They are easy to change, especially if you sell your home; the next owner can place carpet or wood on top of the concrete slab.
They are great in regions with a lot of sand or snow.
They are a good alternative to carpet if you have allergies.

Fig 6.1 Concrete wall
6.2 Precast Cladding Panels
            Precast concrete panels are reinforced concrete units available in a wide range of mixes, colours and finishes. Finishes can include acid-etched, smooth or coarse ground, grit or sand-blasted, rubbed or polished. Mixes designed to resemble natural stone can also be produced. Highly articulated designs can be accommodated by the mouldable concrete mix.
Benefits
Faster programme times - not affected by weather or labour shortages.
Improves buildability.
Early enclosure of dry envelope enables follow-on trades to start sooner.
Produces a high standard of workmanship in factory conditions - reduces potential for accidents, addresses on-site skill shortage.
Has a high quality finish that can be left exposed - concrete's thermal properties can 
be exploited in low-energy buildings

Fig 6.2 ACP Cladding
6.3 Precast Flat Panel System
            Floor and wall units are produced off-site in a factory and erected on-site to form robust structures, ideal for all repetitive cellular projects. Panels can include services, windows, doors and finishes. Building envelope panels with factory fitted insulation and decorative cladding can also be used as load-bearing elements. This offers factory quality and accuracy, together with speed of erection on-site

Fig 6.3 Panel system
6.4 Volumetric modules
            3D Volumetric construction (also known as modular construction) involves the production of three-dimensional units in controlled factory conditions prior to transportation to site.
            Modules can be brought to site in a variety of forms, ranging from a basic structure to one with all internal and external finishes and services installed, all ready for assembly. The casting of modules uses the benefits of factory conditions to create service-intensive units where a high degree of repetition and a need for rapid assembly on-site make its use highly desirable.

Fig 6.4 Volumetric Module
6.5 Twin Wall Technology
            Twin wall technology is a walling system that combines the speed of erection and quality of precast concrete with the structural integrity of in-situ concrete to provide a hybrid solution. The prefabricated panels comprise two slabs separated and connected by cast-in lattice girders. The units are placed, temporarily propped, then joined by reinforcing and concreting the cavity on site. Twin wall is usually employed in association with precast flooring systems.
            The panels are manufactured to exacting tolerances, have a high quality finish, and can incorporate cast-in cable ducts, electrical boxes and service ports. Installation rates are of up to 100m2 per hour. Twin wall has excellent inherent fire resistance and acoustic performance.

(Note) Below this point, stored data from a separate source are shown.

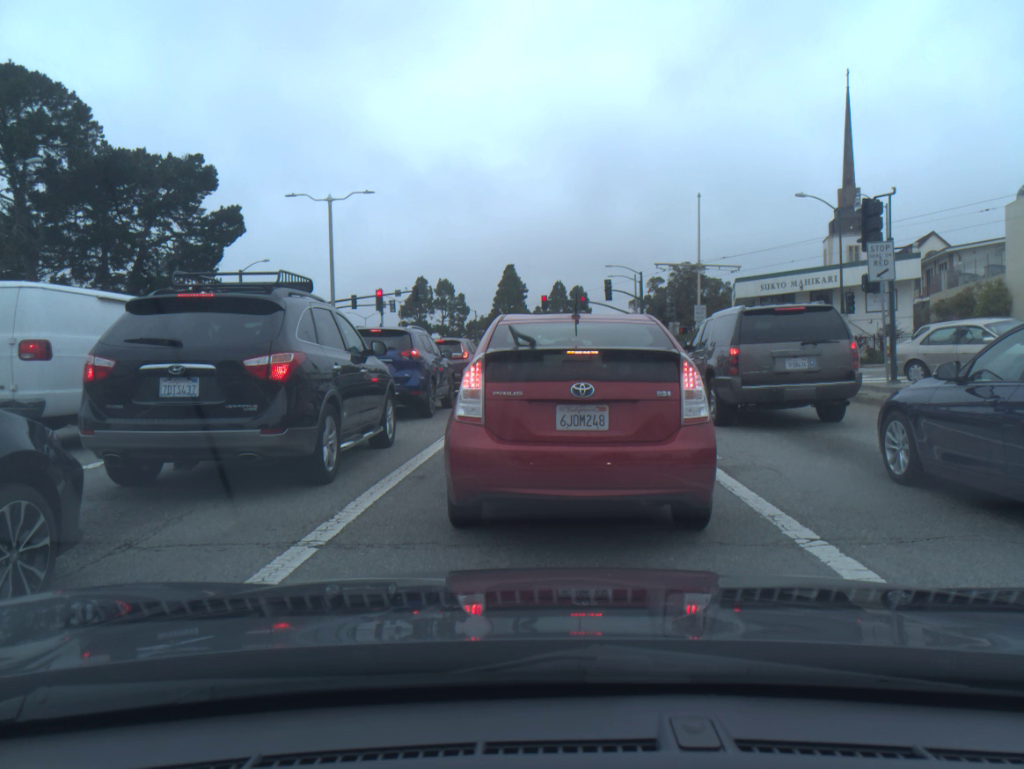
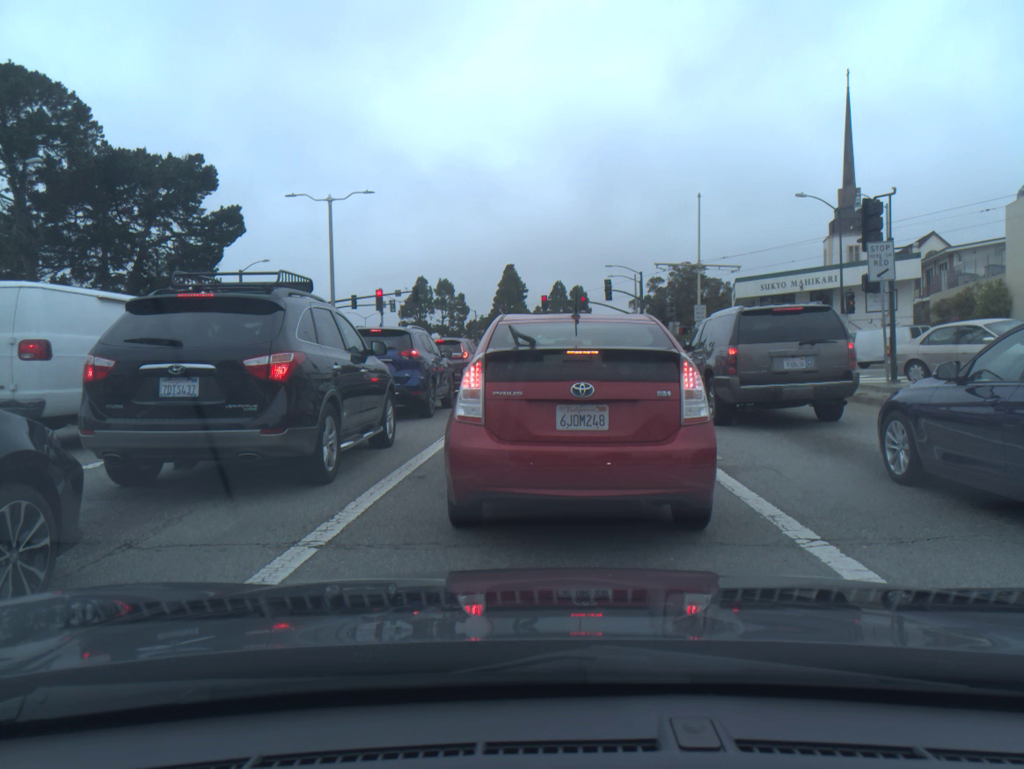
(0.0, 0.0) m; 0°
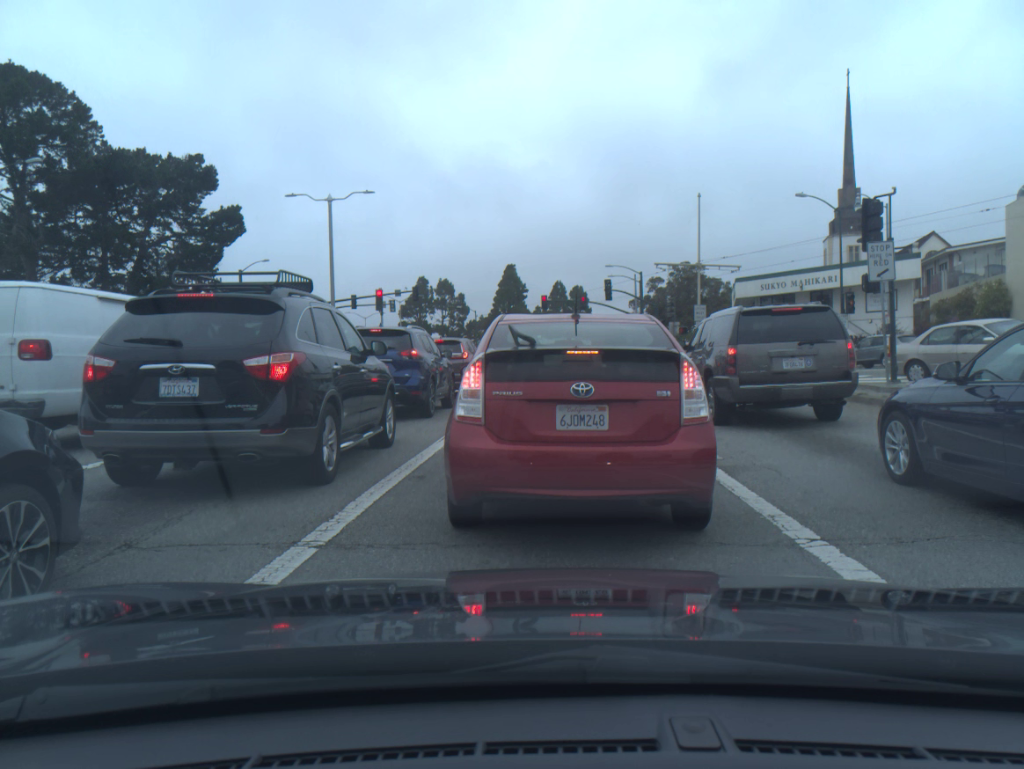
(0.0, -0.1) m; 0°
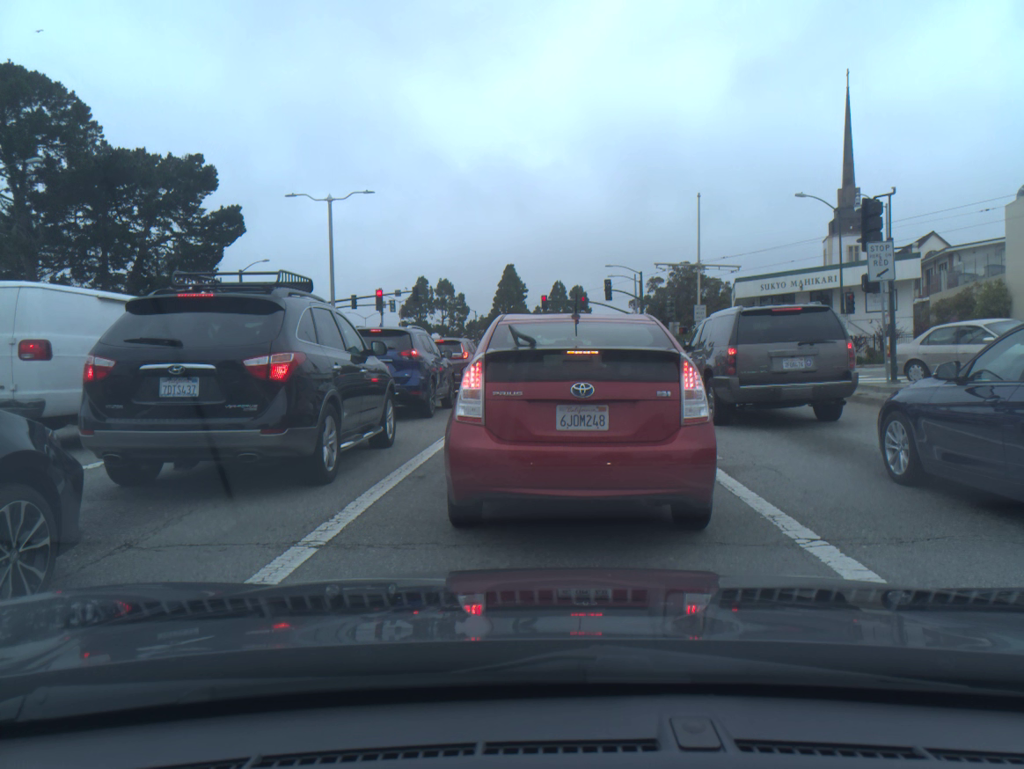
(0.0, 0.0) m; 0°
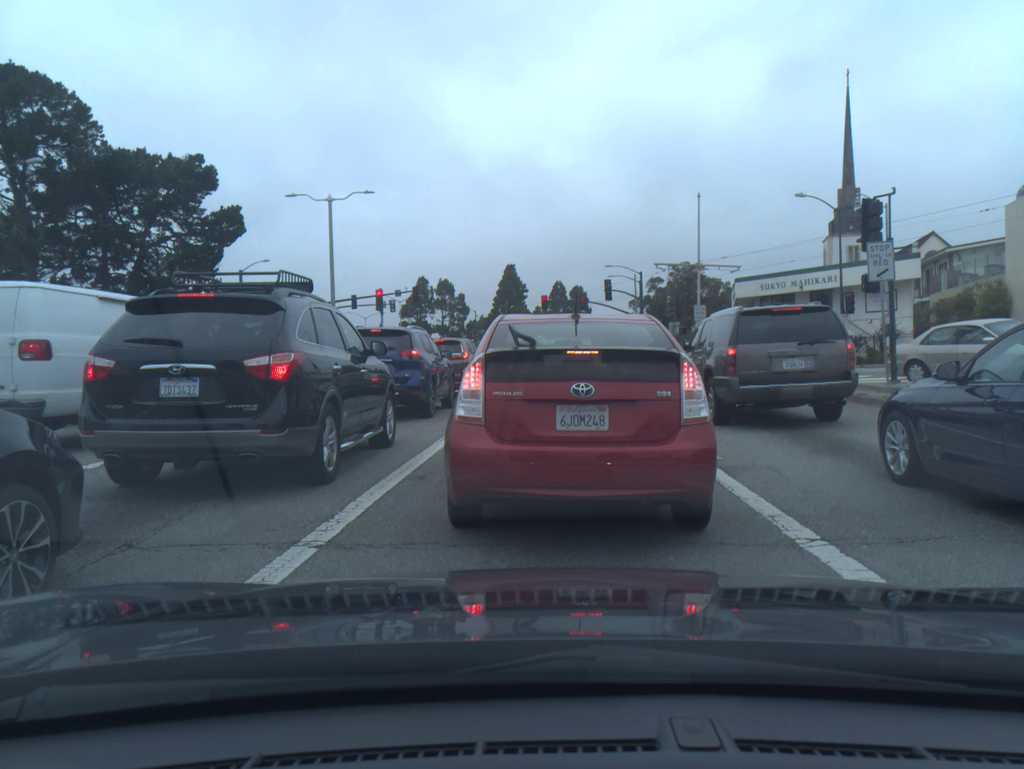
(0.0, 0.0) m; 0°
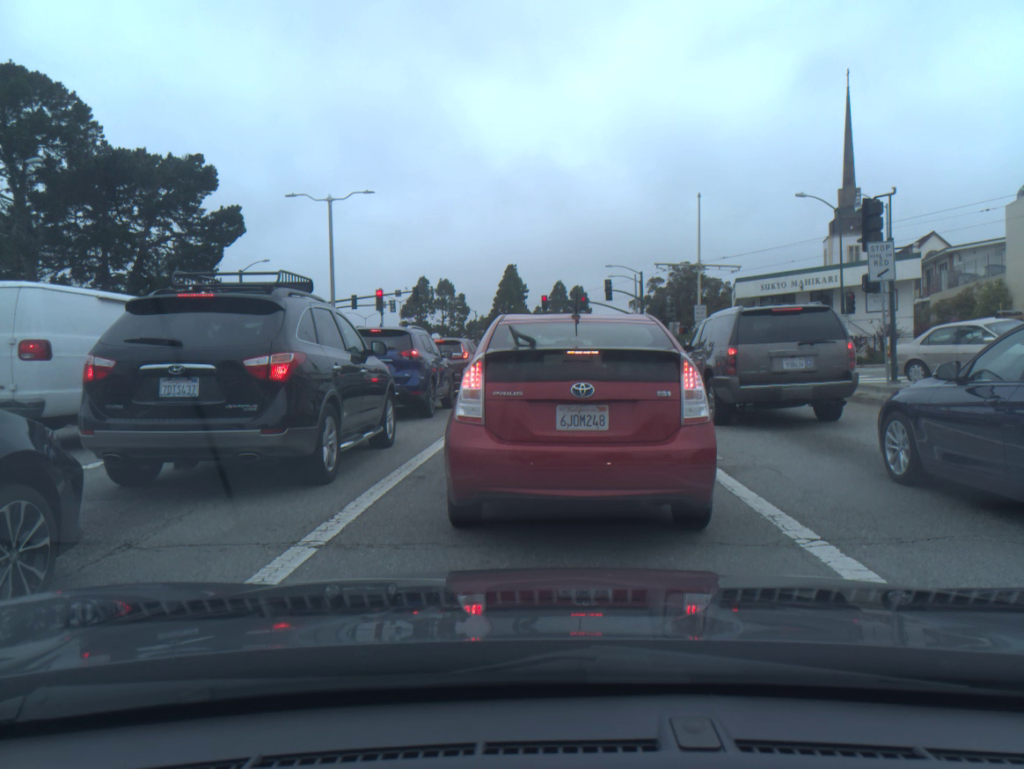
(0.0, 0.0) m; 0°
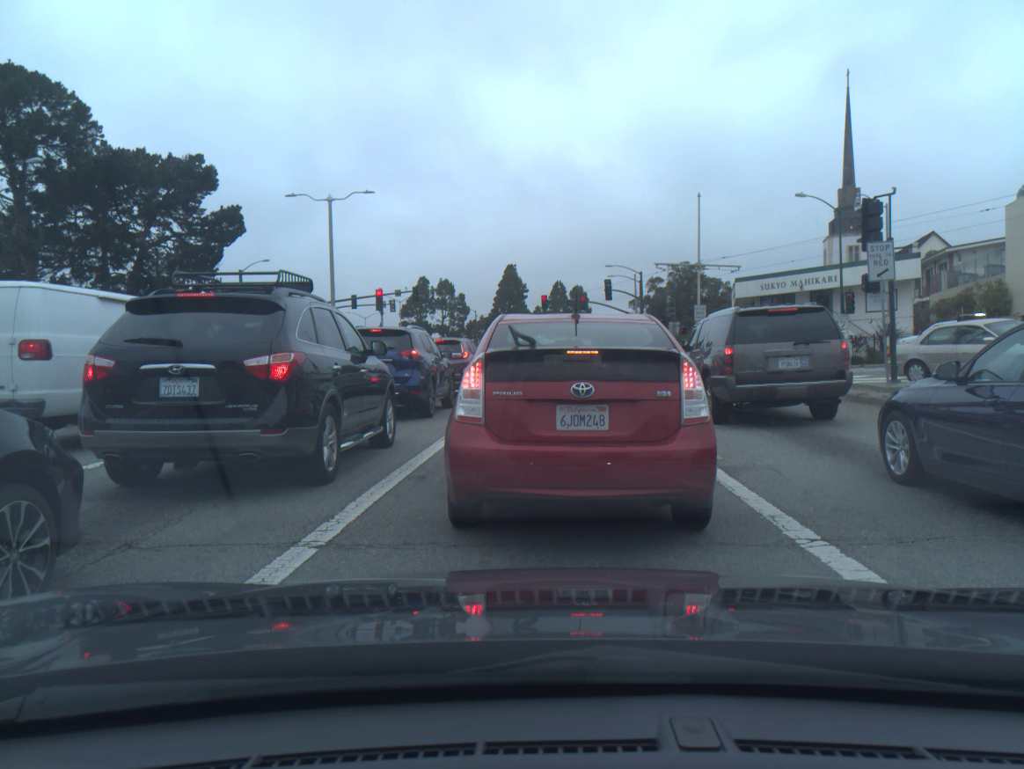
(0.0, 0.0) m; 0°

Fig 6.5 Twin Wall Technology
6.6 Flat Slabs
            Flat slabs are highly versatile elements widely used in construction, providing minimum depth, fast construction and allowing flexible column grids. Because this is one of the most common forms of construction, all construct members and many other concrete frame contractors can undertake this work. Flat slabs are particularly appropriate for areas where tops of partitions need to be sealed to the slab soffit for acoustic or fire reasons. Flat slabs are considered to be faster and more economic than other forms of construction, as partition heads do not need to be cut around down stand beams or ribs.
            Flat slabs can be designed with a good surface finish to the soffit, allowing exposed soffits to be used. This allows exploitation of the building’s thermal mass in the design of heating, ventilation and cooling requirements, increasing energy efficiency. Flat slabs provide the most flexible arrangements for services distribution as services do not have to divert around structural elements.

Fig 6.6 Flat Slab
6.7 Thin Joint Masonry
            In masonry, mortar joints are the spaces between bricks, concrete blocks, or glass blocks that are filled with mortar or grout. Mortar joints can be made in a series of different fashions, but the most common ones are raked, grapevine, extruded, concave, V, struck, flush, weathered and beaded.
In order to produce a mortar joint, the mason must use one of several types of jointers (slickers), rakes, or beaders. These tools are run through the grout in between the building material before the grout is solid and create the desired outcome the mason seeks
            Thin joint block work (thin joint masonry) is a fast, clean, accurate system for construction using autoclaved aerated concrete blocks of close dimensional tolerance with 2mm-3mm mortar joints. Thin layer mortar is a pre-mixed cement-based product that only requires the addition of water to make an easily-applied mortar. The benefits offered by thin layer mortars are provided by a system with many of the characteristics of traditional block work construction. 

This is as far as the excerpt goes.